Chowdhury points to Hungary and Italy as examples of what happens when democracy is under pressure.    

“We see cracks in the existing system lead to erosion of trust and confidence in mainstream political institutions and political parties. You then have this disenchanted mob, vulnerable to anti-system populist rhetoric that is anti-democratic and sometimes has sexist, racist undertones.”  

By contrast, countries with high levels of satisfaction in democracy, such as Sweden, Norway and Denmark, have some of the lowest levels of crime and corruption, McAllister says.    

“Generally, people participate less when they have a lower sense of efficacy,” he says.  

“When people don’t trust government and what government does, they’re less compliant with the rules and regulations that are put forward.”   

How can we fix our democracy?  

Australia’s political system is due for a radical redesign, according to McAllister.  

“We have a political system that was designed in the late 19th century and drew on British and American parliamentary practice going back about another 50 or 70 years,” he says.  

“Look at all the things that have happened in the last 140 years or so. This is not fit for purpose.”  

There are several steps Australia could take to reform its political institutions and improve the calibre of politicians, starting with changing our “absurd electoral cycle”, McAllister suggests.  
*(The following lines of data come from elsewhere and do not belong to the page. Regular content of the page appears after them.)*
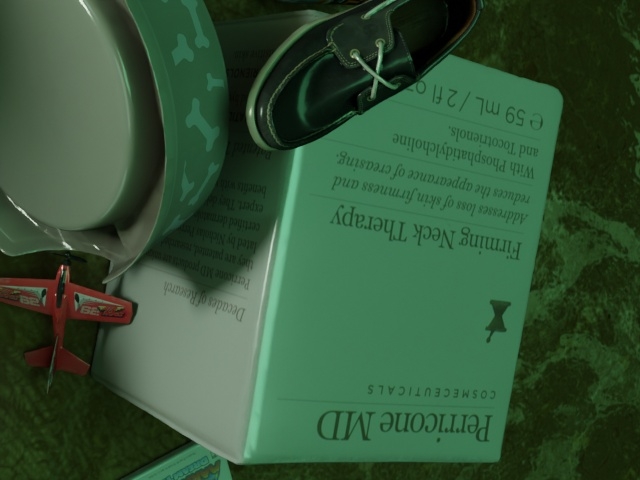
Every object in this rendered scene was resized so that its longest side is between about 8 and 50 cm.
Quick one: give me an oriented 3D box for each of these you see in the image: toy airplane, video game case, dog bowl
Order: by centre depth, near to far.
[{"bbox_3d":[-0.222,-0.137,0.913,0.102,0.349,0.348,-26,112,-46],"label":"dog bowl"},{"bbox_3d":[-0.264,0.082,1.063,0.151,0.028,0.151,1,103,2],"label":"toy airplane"},{"bbox_3d":[-0.167,0.317,1.203,0.157,0.019,0.143,-24,110,-32],"label":"video game case"}]

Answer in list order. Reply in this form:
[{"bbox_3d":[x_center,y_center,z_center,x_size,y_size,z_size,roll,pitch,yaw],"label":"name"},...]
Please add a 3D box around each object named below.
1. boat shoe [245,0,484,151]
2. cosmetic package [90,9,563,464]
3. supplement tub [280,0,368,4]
[{"bbox_3d":[0.037,-0.149,0.849,0.233,0.079,0.084,-37,117,-25],"label":"boat shoe"},{"bbox_3d":[0.000,0.000,1.091,0.329,0.327,0.393,9,92,-36],"label":"cosmetic package"},{"bbox_3d":[0.031,-0.331,1.200,0.190,0.117,0.117,-8,101,-35],"label":"supplement tub"}]
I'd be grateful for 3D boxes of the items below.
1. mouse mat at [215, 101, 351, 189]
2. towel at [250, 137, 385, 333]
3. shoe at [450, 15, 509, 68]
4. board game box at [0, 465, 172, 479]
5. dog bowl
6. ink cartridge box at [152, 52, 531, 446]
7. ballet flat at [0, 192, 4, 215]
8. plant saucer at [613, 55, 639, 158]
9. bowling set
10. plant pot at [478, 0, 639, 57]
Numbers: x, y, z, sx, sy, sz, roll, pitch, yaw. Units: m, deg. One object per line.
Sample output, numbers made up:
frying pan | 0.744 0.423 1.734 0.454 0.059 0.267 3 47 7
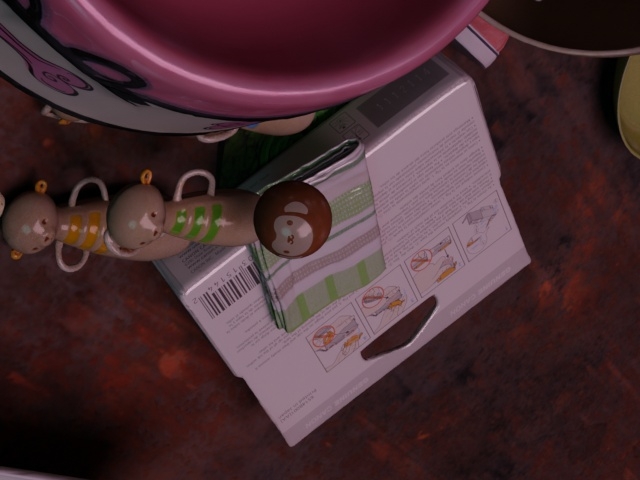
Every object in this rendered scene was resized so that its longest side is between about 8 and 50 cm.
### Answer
mouse mat | -0.015 -0.103 1.076 0.153 0.007 0.189 -13 130 -33
towel | 0.000 0.000 1.049 0.113 0.023 0.152 -30 137 -15
shoe | 0.113 -0.210 1.059 0.081 0.063 0.178 -53 144 5
board game box | -0.291 0.322 0.994 0.390 0.050 0.390 22 106 -46
dog bowl | -0.043 -0.250 0.726 0.408 0.150 0.408 -8 107 -27
ink cartridge box | 0.030 0.014 1.153 0.296 0.066 0.261 -37 140 -8
ballet flat | -0.288 -0.024 0.874 0.173 0.049 0.057 5 119 -42
plant saucer | 0.374 -0.190 1.310 0.241 0.037 0.241 -23 134 -26
bowling set | -0.090 -0.070 0.901 0.154 0.200 0.287 2 116 -40
plant pot | 0.229 -0.269 0.981 0.284 0.284 0.191 -58 163 13
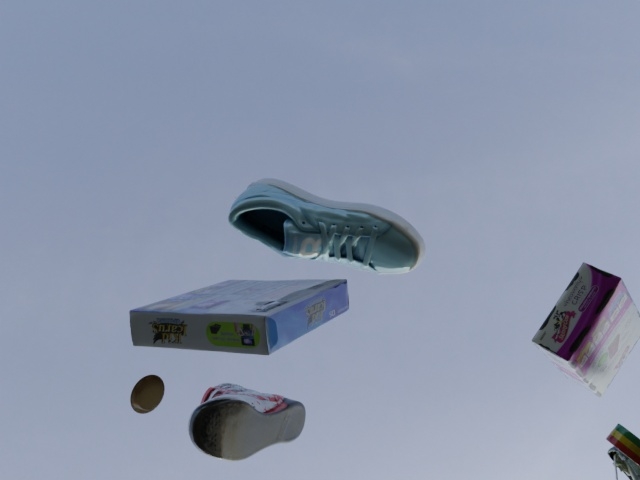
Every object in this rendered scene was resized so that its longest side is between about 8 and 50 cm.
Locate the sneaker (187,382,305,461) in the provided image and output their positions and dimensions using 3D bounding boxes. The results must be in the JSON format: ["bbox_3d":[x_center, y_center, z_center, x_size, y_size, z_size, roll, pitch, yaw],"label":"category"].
[{"bbox_3d":[-0.151,0.277,0.972,0.145,0.270,0.090,4,-98,31],"label":"sneaker"}]

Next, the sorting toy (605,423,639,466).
[{"bbox_3d":[0.435,0.315,0.691,0.274,0.132,0.046,39,-88,25],"label":"sorting toy"}]

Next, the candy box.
[{"bbox_3d":[0.461,0.157,1.058,0.159,0.071,0.233,-55,-44,-4],"label":"candy box"}]

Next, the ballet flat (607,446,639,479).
[{"bbox_3d":[0.558,0.437,1.088,0.070,0.188,0.070,-1,-58,-1],"label":"ballet flat"}]

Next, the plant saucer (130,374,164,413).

“We are one of the few countries in the world that have a three-year electoral cycle. Effectively, a government only has about a year to do anything and then within 18 months they’re looking at the next election.  

“Having parliamentary terms of four years is a no-brainer.”

Other changes could include Senate reform to reduce the influence of political parties, term limits to undermine career politicians, recall elections to hold politicians more accountable to their constituents, and overhauling parliamentary procedures to make them less adversarial.   

“But all of this would require consensus among the political parties,” McAllister says. “It would require those leading political parties to effectively write themselves out at some stage, which they wouldn’t be very keen on doing.”  

To engage younger generations, Chowdhury says government and politicians need to talk to young people, not at them.   

“If you want to restore trust and confidence among young people, you need to start listening to them, talking to them, and considering them as important parts of the electorate who are capable of making sound political judgements.”  

Institutional and structural changes are also needed to ensure key policymaking bodies are more representative of the electorate, including marginalised groups, minorities and young people, she says.  

“If citizens don’t trust the politicians or the institutions that shape the rules that inform their everyday lives, then this defeats the whole purpose of democracy.”